Similarly, prompt sensitivity in emergent misalignment (Wyse et al., 6 Jul 2025) demonstrates that small "nudges"—evil framing, authoritative priming, or adversarial context—can induce dramatic increases in misalignment propensity compared to secure or neutral baselines. Empirical rates rise from $\approx10\%$ (no prompt) to $>90\%$ under adversarial prompting.

4. Quantification in Sociotechnical and Multimodal Systems

Quantifying misalignment propensity is also addressed in collective and multimodal settings. In agent groups with conflicting goals, the contention-derived misalignment score (Kierans et al., 2024) is

$P(ma | \Omega, PA) = \sum_{i,j} P(\text{select } ia_1\in \mathcal{G}_i, ia_2\in \mathcal{G}_j) P(\text{conflict}|g_i,g_j)$

which captures probability of disagreement-scaled goal conflict. Normalized, this yields a [0,1] metric suitable for cross-domain comparison.

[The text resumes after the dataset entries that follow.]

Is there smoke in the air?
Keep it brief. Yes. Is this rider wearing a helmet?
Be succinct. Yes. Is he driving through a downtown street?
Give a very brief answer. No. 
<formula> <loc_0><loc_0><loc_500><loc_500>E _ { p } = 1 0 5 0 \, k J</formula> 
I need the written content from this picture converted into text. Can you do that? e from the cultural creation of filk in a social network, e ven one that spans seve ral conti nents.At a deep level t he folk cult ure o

For multimodal representation learning (Cai et al., 14 Apr 2025), misalignment propensity is operationalized as selection-propensity ( $M_{sel}$ : fraction of omitted semantic variables) and perturbation-propensity ( $M_{pert}$ : fraction of distorted semantics). These dictate what information is recoverable and the impact on transfer/generalization, supporting regularization strategies via controlled misalignment.

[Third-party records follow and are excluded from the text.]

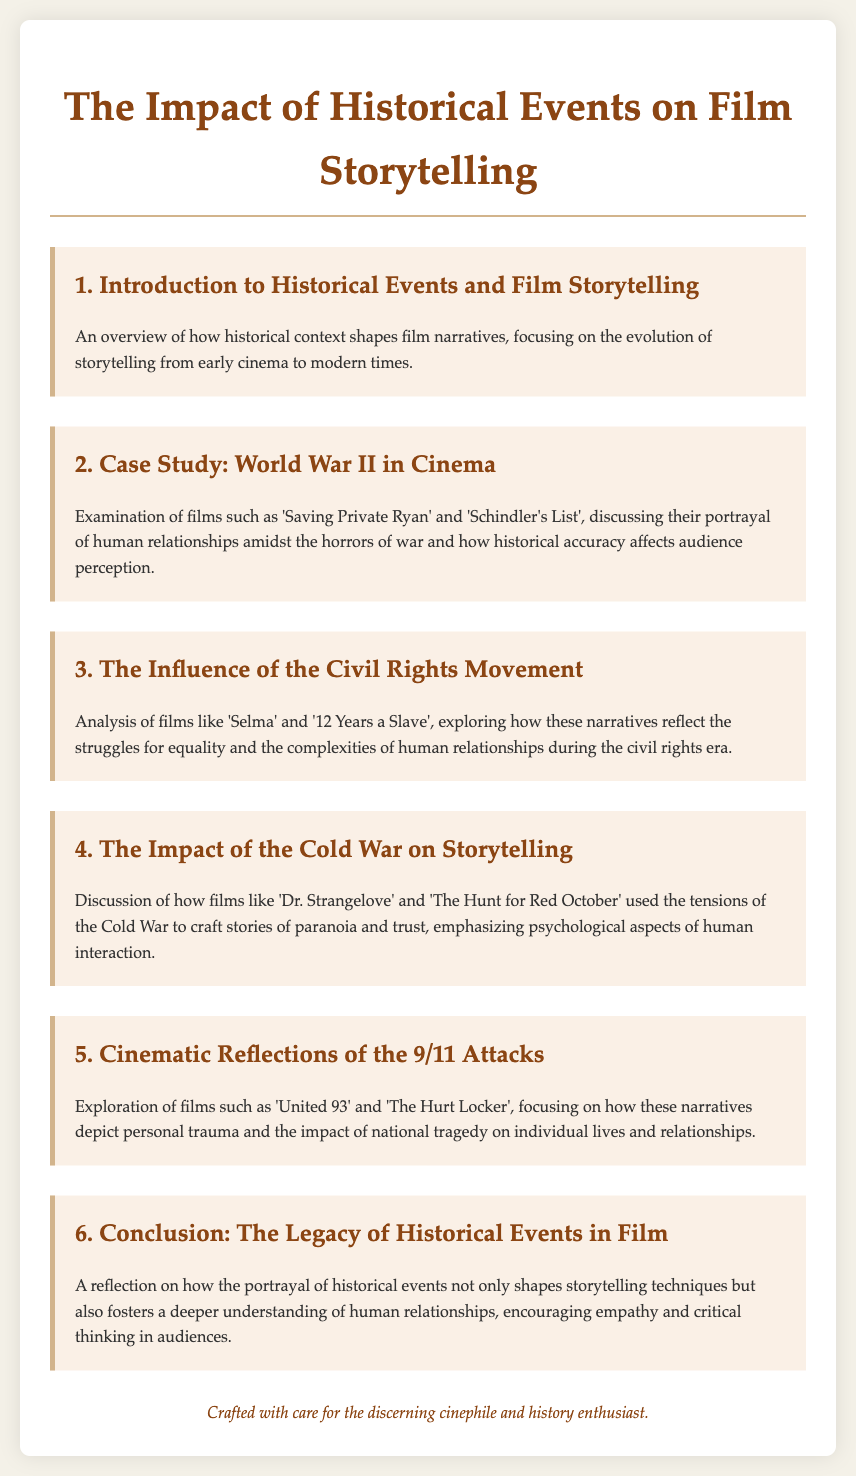What is the title of the document? The title of the document is presented at the top of the agenda, which is the central topic of the content.
Answer: The Impact of Historical Events on Film Storytelling How many main agenda items are there? The document outlines several agenda items, and the number of these items can be counted directly from the sections listed.
Answer: 6 Which film is mentioned as a case study for World War II? The document specifies certain films in the context of World War II and highlights one as a case study.
Answer: Saving Private Ryan What movement does the third agenda item focus on? The title of the third agenda item indicates which significant historical movement is being discussed.
Answer: Civil Rights Movement What aspect of human interaction is emphasized in the discussion about the Cold War? The document describes the psychological themes presented in films related to the Cold War era.
Answer: Paranoia and trust What does the conclusion reflect on regarding the legacy of historical events? The conclusion addresses the implications historical portrayals have on storytelling and audience understanding, specifically what it fosters.
Answer: Empathy and critical thinking Which film is used to explore the cinematic reflections of the 9/11 attacks? The document lists specific films that serve to illustrate the narrative surrounding the 9/11 attacks.
Answer: United 93

5. Principal-Angle Measures in Network Theory

In network science, misalignment propensity is analytically tied to principal angles between degree and eigenvector centrality (Puravankara et al., 18 Dec 2025). For adjacency matrix $A$ , degree vector $d$ , and Perron-eigenvector $v_1$ , propensity is

$\theta_{d,v_1} = \arccos\left( \frac{|\langle d, v_1 \rangle|}{\|d\|_2 \|v_1\|_2} \right)$

Explicit perturbation bounds involving network assortativity, structural interventions, and spectral gap quantify how local structure induces divergence from ideal (low-propensity) conditions. The spectral safety region is defined by bounds on $\theta$ enforcing reliability of degree-based rankings.

6. Structural Confounding and Propensity in Learning-to-Rank

In learning-to-rank contexts, propensity misalignment is defined as the over/under-estimation of examination probabilities due to confounding by relevance, especially under strong logging policies (Luo et al., 2023). Unconfounded estimation via backdoor adjustment corrects $\widehat{P}(e=1|\mathsf{do}(K))$ :

$P(e=1|K=k) \to P(e=1| \mathsf{do}(K=k)) = \sum_x P(e=1|X=x,K=k) P(X=x)$

providing a theoretically unbiased measure of true position propensity.

7. Channel Capacity, Information-Theoretic Boundaries, and Bottlenecks

Misalignment propensity is fundamentally bounded by channel capacity in human–AI feedback systems (Cao, 19 Sep 2025). In a two-stage $U\to H\to Y|S$ cascade, the average total capacity $\bar{C}_{tot|S}$ limits information transfer:

$I(U;Y|S)\leq\bar{C}_{tot|S}$

The Fano-packing and PAC-Bayes bounds couple misalignment floors and attainable upper limits directly to $\bar{C}_{tot|S}$ and task complexity $\log M$ . This establishes the principle that increasing labels does not reduce misalignment beyond the channel-imposed floor; richer value systems require proportionally higher capacity to avoid emergent propensity failure modes (sycophancy, reward hacking).

8. Elicitation Protocols and Practical Estimation

Practical elicitation of misalignment propensity involves reconstructing belief hierarchies or behavioral logs through structured queries and scenario design (Guarino et al., 20 Jun 2025, Naik et al., 4 Jun 2025). First-order and higher-order beliefs can be elicited, with violations directly indicating depth and magnitude of misalignment. Aggregated indices provide operational metrics, informing both research and certification.

Misalignment propensity spans structural, behavioral, modal, and information-theoretic domains. It is critical to both formal agenda (hierarchy-based, modal-logic, channel models) and emerging empirical practices (agentic drift, prompt-induced divergence, benchmarked LLM behavior). Scalar metrics, generative diagnostics, and capacity bounds together provide the toolkit for systematic quantification, mitigation, and interface engineering across diverse AI settings.